15 /*Helper function
16 *Insert a newly generated free chunk into the first spot on the free list.
17 * The chunk is cast as a MallocProlog, so the various pointers in it are
18 * accessed with C's help -- and the size of the prolog is easily added to
19 * the pointer when a chunk is returned to the app -- so C handles changes
20 * in pointer sizes among machines.
21 *
22 *The list head is a normal MallocProlog struct -- identified by its
23 * prevChunkInFreeList being NULL -- the only one.
24 *
25 *The end of the list is identified by next chunk being NULL, as usual.
26 */
27 void inline
28 add_chunk_to_free_list( MallocProlog *chunk, MallocProlog *listHead )
29 {
30 chunk->nextChunkInFreeList = listHead->nextChunkInFreeList;
31 if( chunk->nextChunkInFreeList != NULL ) //if not last in free list
32 chunk->nextChunkInFreeList->prevChunkInFreeList = chunk;
33 chunk->prevChunkInFreeList = listHead;
34 listHead->nextChunkInFreeList = chunk;
35 }
38 /*This is sequential code, meant to only be called from the Master, not from
39 * any slave VPs.
40 *Search down list, checking size by the nextHigherInMem pointer, to find
41 * first chunk bigger than size needed.
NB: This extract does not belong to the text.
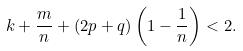<formula> <loc_0><loc_0><loc_500><loc_500>k + \frac { m } { n } + ( 2 p + q ) \left ( 1 - \frac { 1 } { n } \right ) < 2 .</formula>

42 *Shave off the extra and make it into a new free-list element, hook it in
43 * then return the address of the found element plus size of prolog.
44 *
45 *Will find a
46 */
47 void *
48 VMS__malloc( int32 sizeRequested )
49 { MallocProlog *foundElem = NULL, *currElem, *newElem;
50 int32 amountExtra, foundElemIsTopOfHeap, sizeConsumed,sizeOfFound;
52 //step up the size to be aligned at 16-byte boundary, prob better ways
53 sizeRequested = ((sizeRequested + 16) >> 4) << 4;
54 currElem = (_VMSMasterEnv->freeListHead)->nextChunkInFreeList;
56 while( currElem != NULL )
57 { //check if size of currElem is big enough
58 sizeOfFound=(int32)((char*)currElem->nextHigherInMem -(char*)currElem);
59 amountExtra = sizeOfFound - sizeRequested - sizeof(MallocProlog);
60 if( amountExtra > 0 )
61 { //found it, get out of loop
62 foundElem = currElem;
63 currElem = NULL;
64 }
65 else
66 currElem = currElem->nextChunkInFreeList;
67 }
69 if( foundElem == NULL )
70 { ERROR("\nmalloc failed\n")
71 return (void *)NULL; //indicates malloc failed
72 }
73 //Using a kludge to identify the element that is the top chunk in the
74 // heap -- saving top-of-heap addr in head's nextHigherInMem -- and
75 // save addr of start of heap in head's nextLowerInMem
76 //Will handle top of Heap specially
77 foundElemIsTopOfHeap = foundElem->nextHigherInMem ==
78 _VMSMasterEnv->freeListHead->nextHigherInMem;
80 //before shave off and try to insert new elem, remove found elem
81 //note, foundElem will never be the head, so always has valid prevChunk
82 foundElem->prevChunkInFreeList->nextChunkInFreeList =
83 foundElem->nextChunkInFreeList;
84 if( foundElem->nextChunkInFreeList != NULL )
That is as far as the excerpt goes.